This is essentially what the authors of Things set out to study:

how the most complex pattern of emotion and thought can become embedded in and symbolized by concrete things, that is how things themselves are part of the interpretive sign process that constitutes meaning.

They elaborate:

Things actively change the content of what we think is our self and thus perform a creative as well as reflexive function….

Objects affect what a person can do, either by expanding or restricting the scope of that person’s actions and thoughts…. Objects have a determining effect on the development of the self.

According to Burton, Steinbach’s work conjures very similar ideas:

Objects are less about their owners, … and more about the circulations they make…. Objects reflect much of their owners’ beliefs, systems of faith, and measures of value… [and] also produce [them].

The overlap in the ideas between the Things authors, Burton, and Irrational Exuberance are abundant. One of Burton’s paragraphs in particular is especially sociological and psychological:

Our drive to acquire and organize things is, in part, how we understand ourselves. Less a comment on capitalism than an investigation of the production of self, Steinbach’s work acknowledges the fragility of subjecthood—that our funny, fragile egos are bound up in the unexpectedly rich terrain of the knickknacks and bric-a-brac, to say nothing of priceless mementos, we collect and covet.

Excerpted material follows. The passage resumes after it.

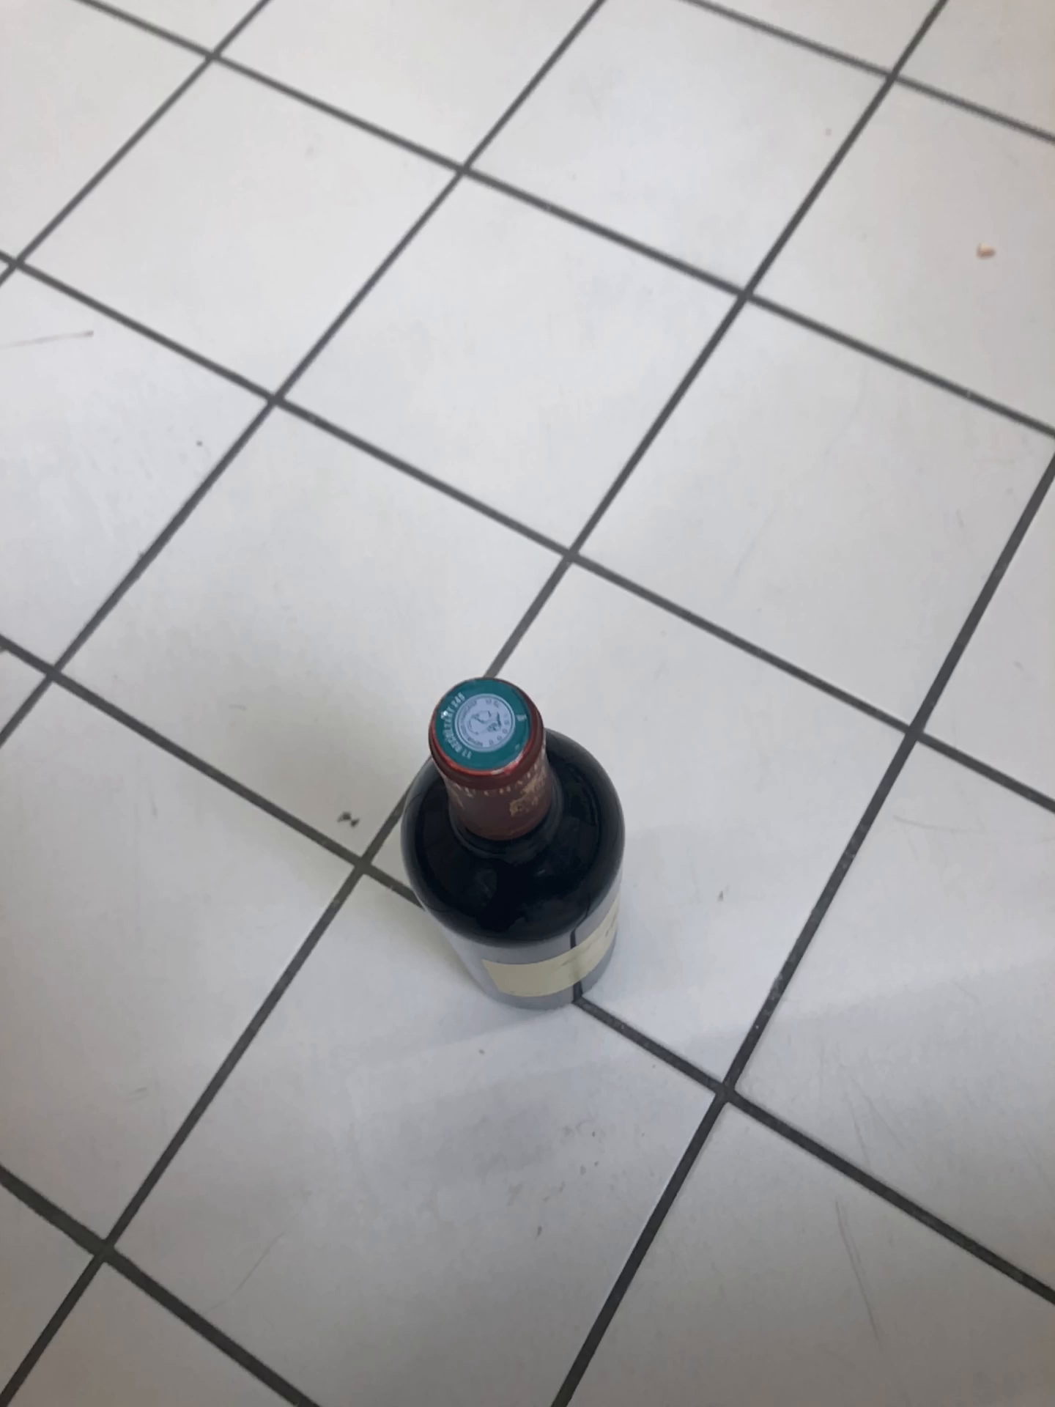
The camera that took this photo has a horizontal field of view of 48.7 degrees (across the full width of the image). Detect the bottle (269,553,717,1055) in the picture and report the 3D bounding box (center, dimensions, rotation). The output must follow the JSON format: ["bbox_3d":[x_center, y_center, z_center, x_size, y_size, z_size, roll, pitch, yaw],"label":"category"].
[{"bbox_3d":[-0.001,0.061,0.420,0.090,0.289,0.080,15,70,8],"label":"bottle"}]

This is a sequence of ideas that are relevant even line by line. First, she writes,

Our drive to acquire and organize things is, in part, how we understand ourselves. …[Steinbach’s work is] an investigation of the production of self…

This echoes the Things authors:

the potential significance of things is realized in a process of actively cultivating a world of meanings, which both reflect and help create the ultimate goals of one’s existence.

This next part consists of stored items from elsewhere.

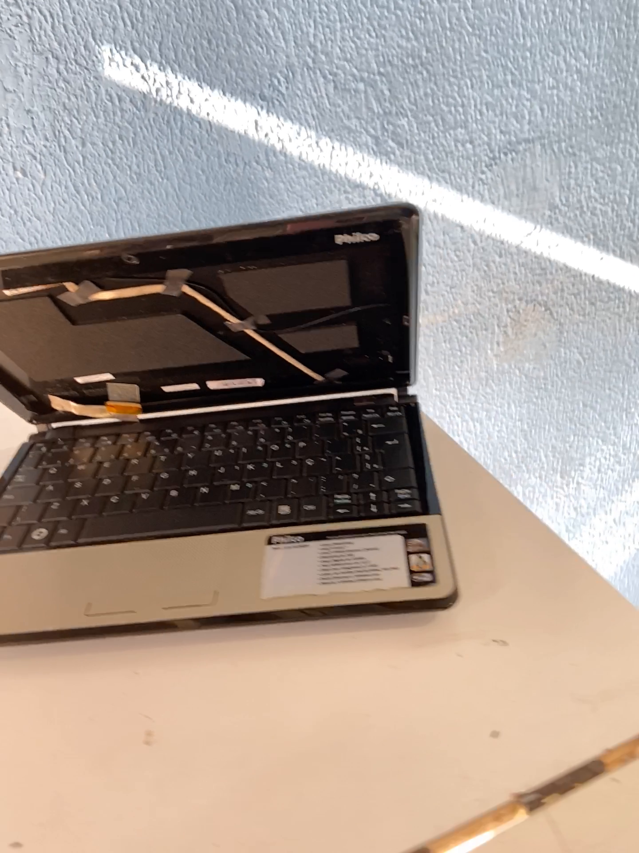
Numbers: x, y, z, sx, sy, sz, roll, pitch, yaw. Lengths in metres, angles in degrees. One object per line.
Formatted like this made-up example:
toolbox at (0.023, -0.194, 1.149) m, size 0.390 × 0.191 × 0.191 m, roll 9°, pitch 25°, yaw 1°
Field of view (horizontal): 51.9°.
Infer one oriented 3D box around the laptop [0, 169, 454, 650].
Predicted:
laptop at (-0.085, -0.017, 0.349) m, size 0.275 × 0.144 × 0.177 m, roll -6°, pitch 33°, yaw 6°

Next, Burton specifies that Steinbach’s work is

Less a comment on capitalism

This, too, came up at the dialogue at Irrational Exuberance (Asst. Colors). Some viewers assumed a negative, oppositional critique on my part where there was none. I embraced the bright colors and cheap materiality as sincere expressions of enthusiasm and pleasure, so this perspective was confounding. Where was it coming from? I had theorized that works of art can operate like barometers for optimism and pessimism, and this seemed further evidence that viewer’s projections are just as integral to the reading of the work as the work itself.

Last, Burton writes

our funny, fragile egos are bound up in the unexpectedly rich terrain of the knickknacks and bric-a-brac

This could very well be a statement for Irrational Exuberance.

The Social Life of Objects

Christine Wong Yap, Irrational Exuberance (Asst. Colors) buttons #1–3, 2010, badges, 1–1.75 inches / 2.5 x 4.5 cm dia. each.

Christine Wong Yap, Irrational Exuberance (Asst. Colors) buttons #1–3, 2010, badges, 1–1.75 inches / 2.5 x 4.5 cm dia. each.

In the study of positive psychology, improving one’s subjective wellbeing seems to always begin with the self and expand towards the social. There seems to be a parallel here: beginning with the habits of mind such as recognition and perception, acknowledging the everyday, and considering the organization of the self, and moving on to relationships.

In Steinbach’s interview with Huberman, he states

my practice is directly committed to the social.

How is it that inanimate objects can be social? Steinbach suggests how can they not:

There’s always more than one object at hand. Being here means you and here.

Verzotti’s points out the relational aspect of things between people:

Each object is both an object and a sign associated with a specific social dynamic, a token of exchange with we weave our interpersonal relations…

I’d thought about art objects as props that mediate relationships. Now it appears that objects might function similarly.

Christine Wong Yap, a diagram of how artists and viewers inform works of art and thereby mediate relationships between artists and viewers.

Christine Wong Yap, a diagram of how artists and viewers inform works of art and thereby mediate relationships between artists and viewers.

Csikszentmihalyi and Rochberg-Halton elaborate on the many levels of this social potential:

Objects … serve to express dynamic processes within people, among people, and between people and the total environment. These processes might lead to a more and more specific differentiation or increasing integration…

by which they mean, the individuation of the self or alignment with others. They add:

Differentiation is the result of control, whereas integration is based on participation.

This calls to mind my idea that art experiences are opportunities for enacting trust or skepticism. Perhaps another way to think of art experiences is as opportunities for expressing differentiation/control or integration/participation.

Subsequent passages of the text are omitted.